There is indeed a typo here. The premise should read "a is an element of
a discrete CMRA". This is defined, in the beginning of the document, to
be a CMRA where (among other properties) V ignores the step-index. (We
don't have a notion of a "discrete CMRA element". That's mostly because
we had no need for it...)

Good catch!

Notice that there was another slight mismatch here:  Namely, the way we
defined "V" on paper, it can only be passed elements of the CMRA M that
the logic is reasoning about (i.e., the CMRA M which is the domain of
ghost ownership).  However, the validity assertion is not tied to that
CMRA, you can assert validity of an element of any CMRA (at the current
step-index).  I tried to fix this now.

> - (Section 5.3) I think in general P * Q |- P /\ Q holds from the
> model.  If so, the following rules for the always modality seems redundant:
>     + always(P * Q) |- always(P /\ Q)
>     + always(P) * Q |- always(P) /\ Q
>   How do you consider this argument?

Right, I just switched the sides here. ;)
The interesting property is that we have the converse of these laws.
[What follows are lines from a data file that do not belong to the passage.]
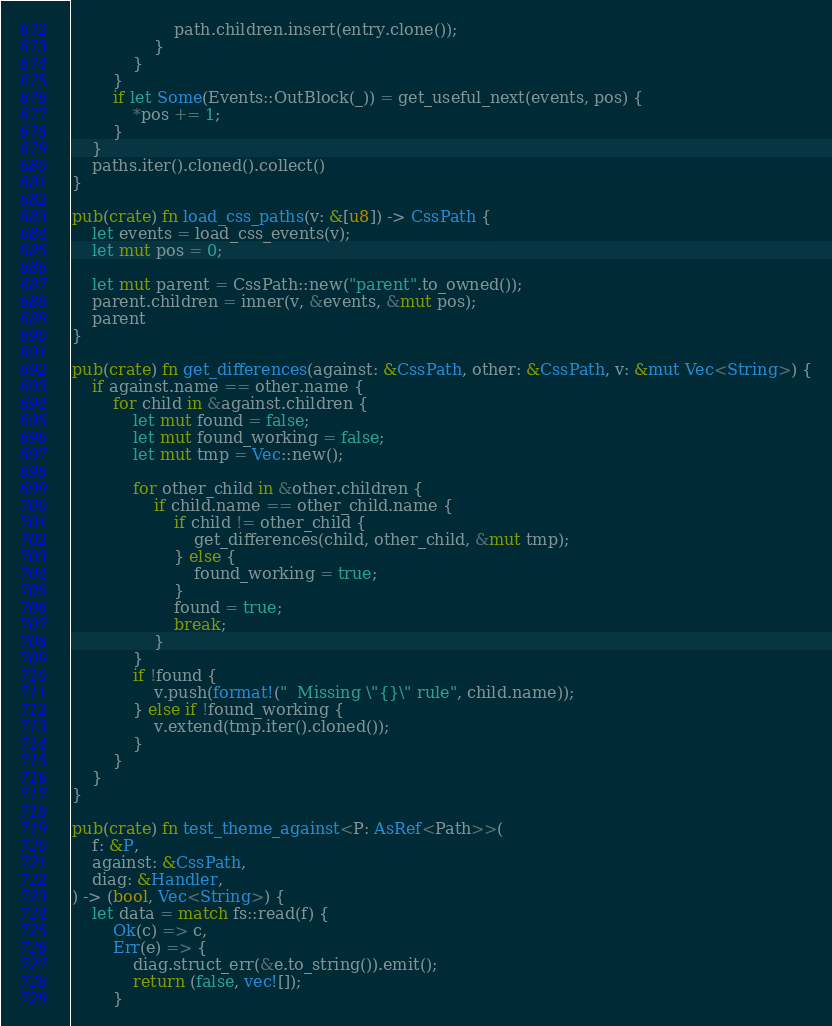<code> <loc_0><loc_0><loc_500><loc_500><_Rust_>                    path.children.insert(entry.clone());
                }
            }
        }
        if let Some(Events::OutBlock(_)) = get_useful_next(events, pos) {
            *pos += 1;
        }
    }
    paths.iter().cloned().collect()
}

pub(crate) fn load_css_paths(v: &[u8]) -> CssPath {
    let events = load_css_events(v);
    let mut pos = 0;

    let mut parent = CssPath::new("parent".to_owned());
    parent.children = inner(v, &events, &mut pos);
    parent
}

pub(crate) fn get_differences(against: &CssPath, other: &CssPath, v: &mut Vec<String>) {
    if against.name == other.name {
        for child in &against.children {
            let mut found = false;
            let mut found_working = false;
            let mut tmp = Vec::new();

            for other_child in &other.children {
                if child.name == other_child.name {
                    if child != other_child {
                        get_differences(child, other_child, &mut tmp);
                    } else {
                        found_working = true;
                    }
                    found = true;
                    break;
                }
            }
            if !found {
                v.push(format!("  Missing \"{}\" rule", child.name));
            } else if !found_working {
                v.extend(tmp.iter().cloned());
            }
        }
    }
}

pub(crate) fn test_theme_against<P: AsRef<Path>>(
    f: &P,
    against: &CssPath,
    diag: &Handler,
) -> (bool, Vec<String>) {
    let data = match fs::read(f) {
        Ok(c) => c,
        Err(e) => {
            diag.struct_err(&e.to_string()).emit();
            return (false, vec![]);
        }</code> 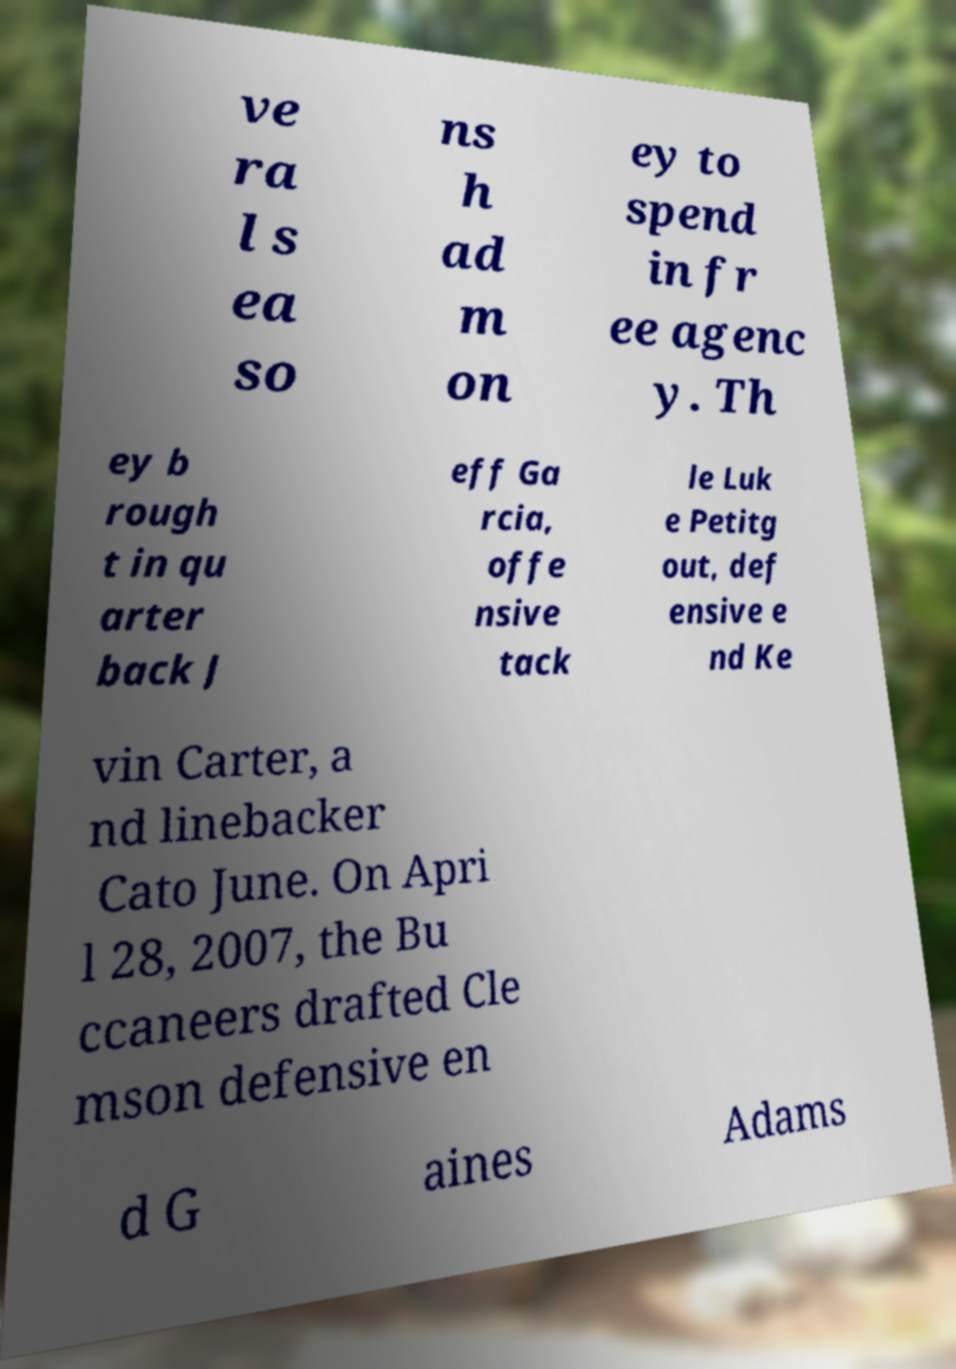What messages or text are displayed in this image? I need them in a readable, typed format. ve ra l s ea so ns h ad m on ey to spend in fr ee agenc y. Th ey b rough t in qu arter back J eff Ga rcia, offe nsive tack le Luk e Petitg out, def ensive e nd Ke vin Carter, a nd linebacker Cato June. On Apri l 28, 2007, the Bu ccaneers drafted Cle mson defensive en d G aines Adams 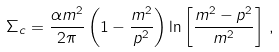<formula> <loc_0><loc_0><loc_500><loc_500>\Sigma _ { c } = \frac { \alpha m ^ { 2 } } { 2 \pi } \left ( 1 - \frac { m ^ { 2 } } { p ^ { 2 } } \right ) \ln \left [ \frac { m ^ { 2 } - p ^ { 2 } } { m ^ { 2 } } \right ] \, ,</formula> 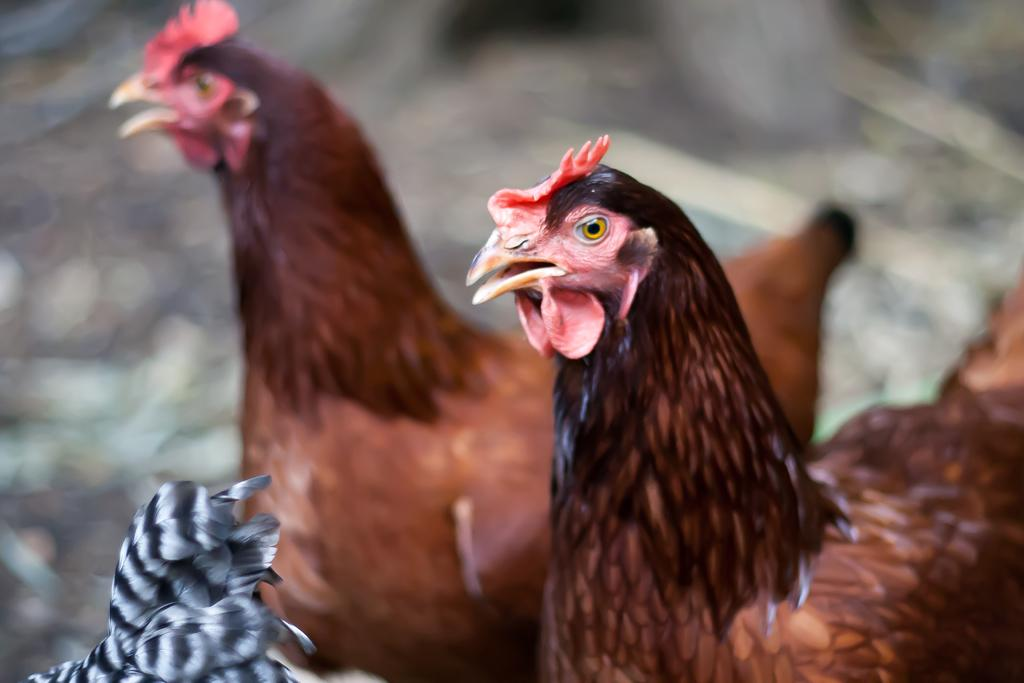What animals are in the foreground of the image? There are two hens in the foreground of the image. Can you describe the background of the image? The background of the image is blurry. What can be seen at the bottom of the image? There are feathers at the bottom of the image. How many goldfish are swimming in the image? There are no goldfish present in the image. What type of plate is being used by the hens in the image? There is no plate visible in the image; it only features two hens and feathers at the bottom. 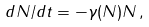<formula> <loc_0><loc_0><loc_500><loc_500>d N / d t = - \gamma ( N ) N \, ,</formula>

> - (Section 7.1) I think there is a typo in the 3rd rule: should it be on
> the universal quantification?

*lol* yeah, true ;)

> - (Section 7.1) I am not sure how to derive the 4th rule from the rules
> in Section 5..

left-to-right:

   always(P * Q)
=> always(P /\ Q)
=> always(P) /\ always(Q)
=> always(P) * always(Q)

Right-to-left:

   always(P) * always(Q)
=> always(P) /\ always(Q)
=> always(P /\ Q)
=> always(P * Q)

I've been using the converses of the rules you mentioned in the previous
section, which is probably why you were confused. I uploaded a fixed
appendix. (I now have a little script for compiling and uploading this,
since I was just doing this manually too often. ;)

> PS. I want to say thank you all for all the answers you all have
> replied.  I just didn't have a chance to say that because I did not want
> to send too much email :-)

Sure! I am really sorry here for the amount of bugs you are finding,
this is getting embarrassing... my only excuse is that I put together
the entire thing in like two days.  But I should have been more careful.

Kind regards,
Ralf